* Source records:
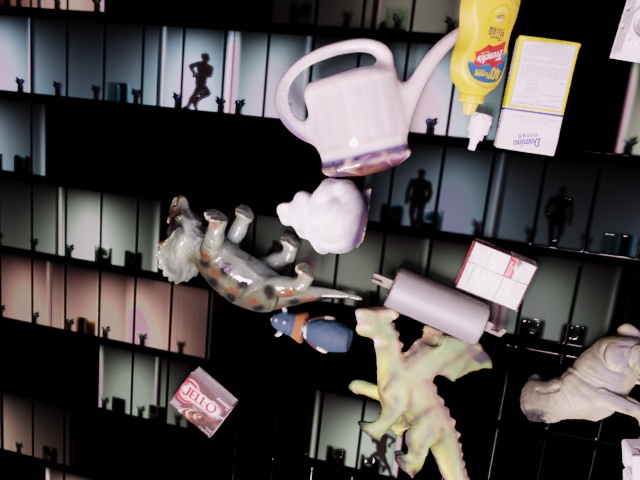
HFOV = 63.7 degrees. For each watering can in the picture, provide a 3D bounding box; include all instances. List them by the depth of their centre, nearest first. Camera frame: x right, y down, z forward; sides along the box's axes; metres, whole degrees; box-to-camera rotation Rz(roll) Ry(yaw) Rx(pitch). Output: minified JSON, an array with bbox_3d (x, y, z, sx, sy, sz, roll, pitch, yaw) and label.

* * *

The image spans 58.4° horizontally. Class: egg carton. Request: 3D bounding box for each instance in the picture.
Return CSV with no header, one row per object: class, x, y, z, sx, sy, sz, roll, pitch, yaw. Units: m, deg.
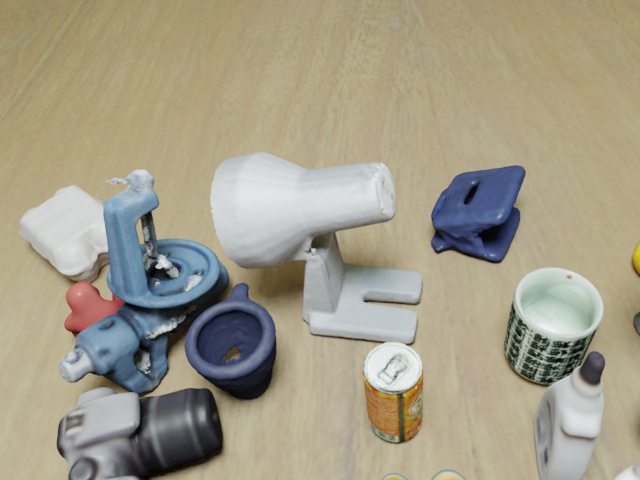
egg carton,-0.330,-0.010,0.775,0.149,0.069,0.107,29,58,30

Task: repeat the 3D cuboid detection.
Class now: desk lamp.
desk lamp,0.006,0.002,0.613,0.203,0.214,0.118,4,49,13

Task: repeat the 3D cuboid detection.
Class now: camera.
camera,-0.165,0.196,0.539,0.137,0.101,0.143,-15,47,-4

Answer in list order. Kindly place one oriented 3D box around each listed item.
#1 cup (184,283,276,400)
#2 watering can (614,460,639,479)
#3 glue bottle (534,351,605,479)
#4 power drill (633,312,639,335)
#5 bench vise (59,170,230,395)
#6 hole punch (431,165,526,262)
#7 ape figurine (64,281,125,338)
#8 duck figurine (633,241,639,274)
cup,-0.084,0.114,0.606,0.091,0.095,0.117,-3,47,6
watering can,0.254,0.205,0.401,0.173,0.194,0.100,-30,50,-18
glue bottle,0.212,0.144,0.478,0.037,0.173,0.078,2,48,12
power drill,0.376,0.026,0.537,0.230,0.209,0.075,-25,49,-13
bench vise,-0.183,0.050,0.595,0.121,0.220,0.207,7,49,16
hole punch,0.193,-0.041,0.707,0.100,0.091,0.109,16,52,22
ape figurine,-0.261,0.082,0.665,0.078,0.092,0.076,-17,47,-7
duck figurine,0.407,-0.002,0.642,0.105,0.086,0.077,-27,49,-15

* * *

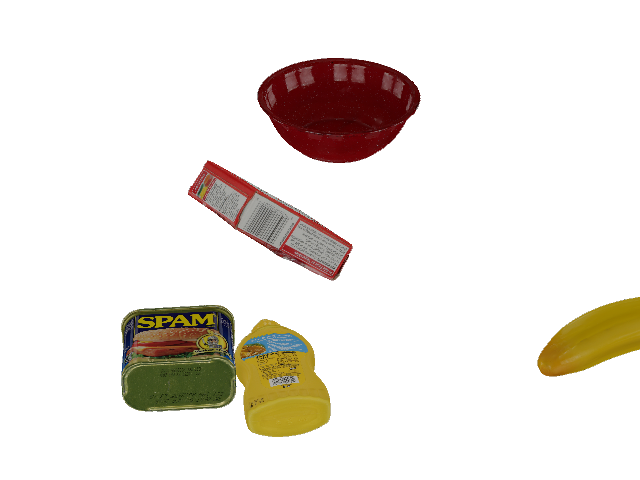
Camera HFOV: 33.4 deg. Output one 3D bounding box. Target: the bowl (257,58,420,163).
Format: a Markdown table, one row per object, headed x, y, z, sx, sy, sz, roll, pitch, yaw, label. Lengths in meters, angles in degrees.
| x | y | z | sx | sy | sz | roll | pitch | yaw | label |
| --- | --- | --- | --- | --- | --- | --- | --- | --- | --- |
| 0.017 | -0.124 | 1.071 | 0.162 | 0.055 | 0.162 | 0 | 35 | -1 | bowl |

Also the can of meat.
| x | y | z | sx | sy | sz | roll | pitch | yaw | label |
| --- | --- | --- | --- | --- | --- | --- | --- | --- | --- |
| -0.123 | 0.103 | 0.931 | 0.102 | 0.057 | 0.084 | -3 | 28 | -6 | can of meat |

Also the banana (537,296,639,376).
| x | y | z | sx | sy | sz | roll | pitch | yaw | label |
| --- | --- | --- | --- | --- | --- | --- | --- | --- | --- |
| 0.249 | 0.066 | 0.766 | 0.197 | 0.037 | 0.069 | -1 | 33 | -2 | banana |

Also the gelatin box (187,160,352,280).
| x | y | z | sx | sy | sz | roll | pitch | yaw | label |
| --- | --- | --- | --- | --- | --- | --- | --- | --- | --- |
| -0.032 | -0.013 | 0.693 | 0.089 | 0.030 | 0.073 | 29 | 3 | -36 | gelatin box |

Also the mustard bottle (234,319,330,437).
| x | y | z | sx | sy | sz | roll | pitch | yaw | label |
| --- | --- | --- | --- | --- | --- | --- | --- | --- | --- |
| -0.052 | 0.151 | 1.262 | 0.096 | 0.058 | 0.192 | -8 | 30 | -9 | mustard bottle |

* Work request:
Wherever the string "Output" appears in the records, copy the whole line.

* Answer section:
HFOV = 63.7 degrees. For each watering can in the picture, provide a 3D bounding box; include all instances. List them by the depth of their centre, nearest first. Camera frame: x right, y down, z forward; sides along the box's axes; metres, whole degrees; box-to-camera rotation Rz(roll) Ry(yaw) Rx(pitch). Output: minified JSON, an array with bbox_3d (x, y, z, sx, sy, sz, roll, pitch, yaw) and label.
Camera HFOV: 33.4 deg. Output one 3D bounding box. Target: the bowl (257,58,420,163).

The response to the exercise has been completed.